Segment Start: PROVIDED RECORDS

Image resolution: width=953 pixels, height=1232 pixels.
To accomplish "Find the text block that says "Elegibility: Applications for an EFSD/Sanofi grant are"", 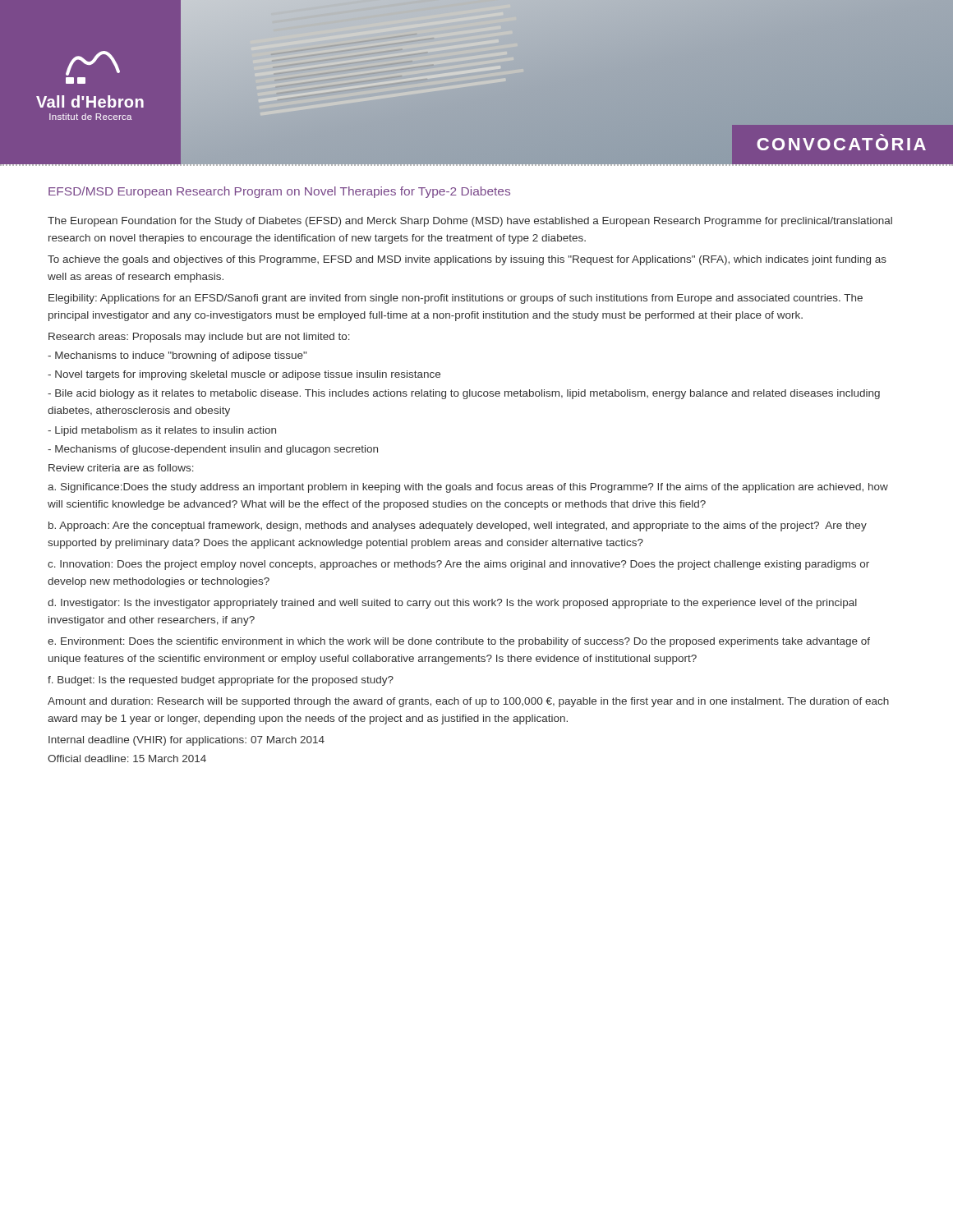I will pos(455,307).
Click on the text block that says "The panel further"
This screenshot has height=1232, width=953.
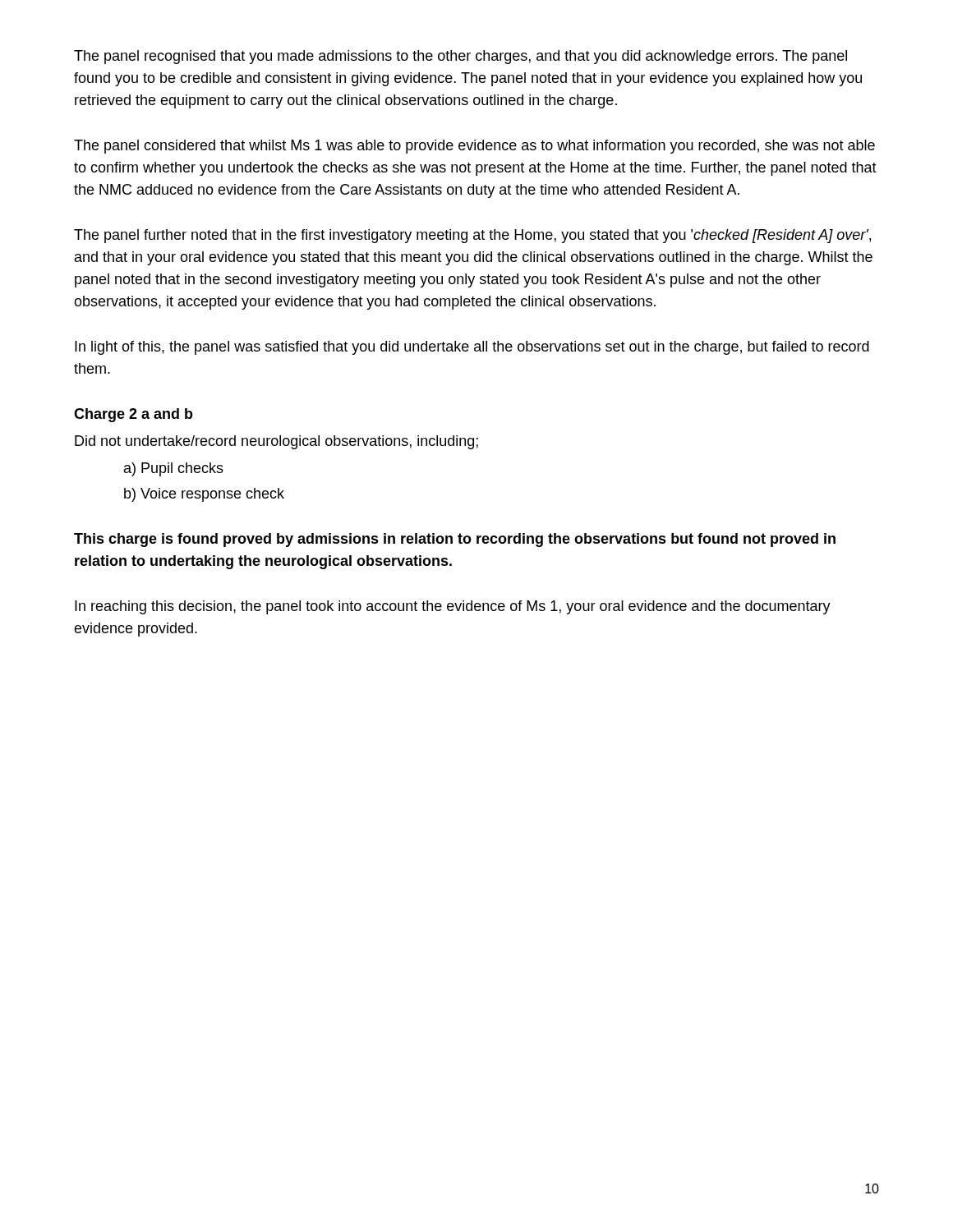(x=473, y=268)
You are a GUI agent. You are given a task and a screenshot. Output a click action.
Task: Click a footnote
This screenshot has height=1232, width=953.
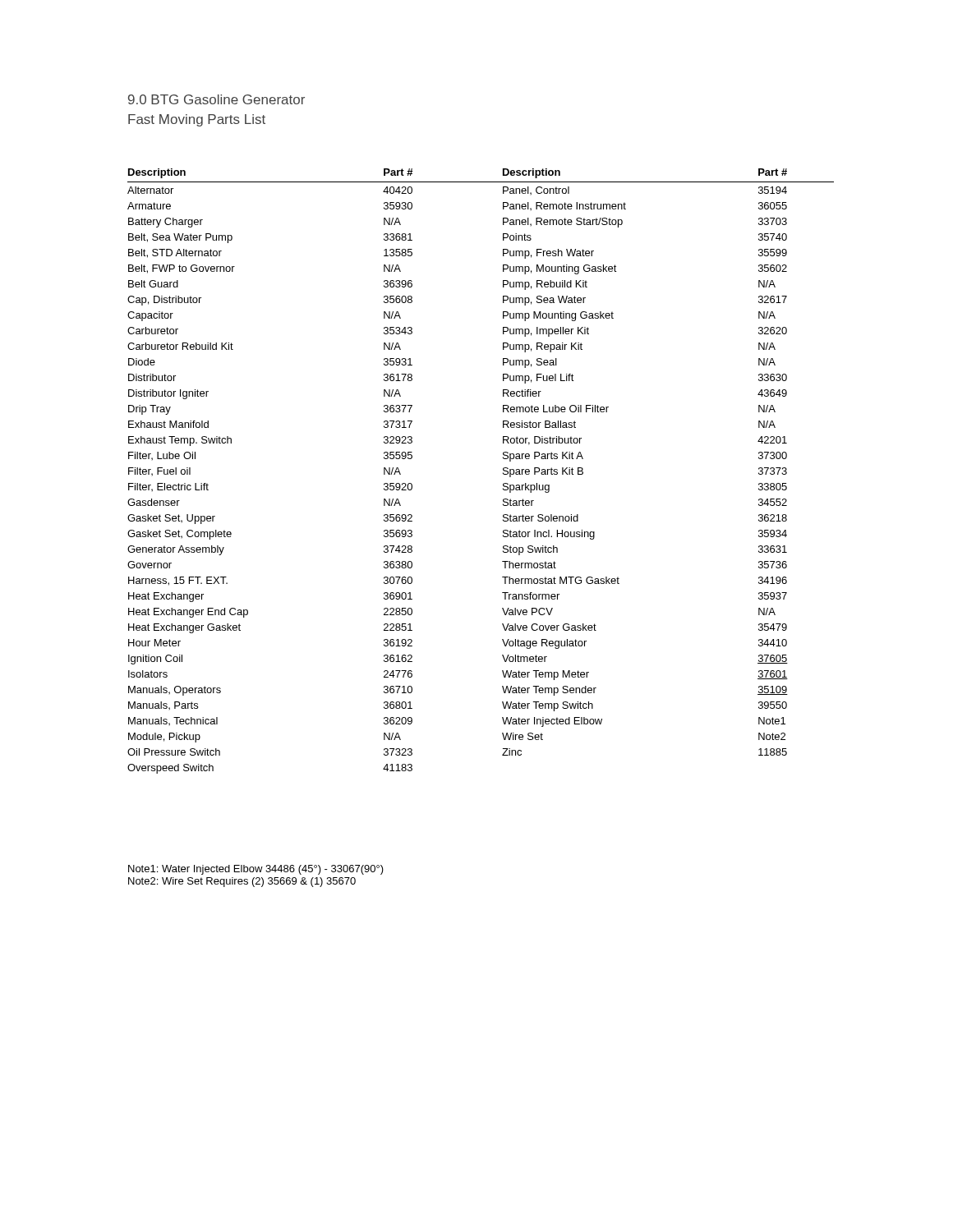[255, 875]

Segment End: PROVIDED RECORDS

▶ [DESCRIPTION OF THE TASK]:
Print exactly, and print only, the lines from the line with "Task: Click a footnote" through the last line of the entries, both ends included. No pictures belong in the result.

▶ [EXERCISE RESPONSE]:
Task: Click a footnote
This screenshot has height=1232, width=953.
[255, 875]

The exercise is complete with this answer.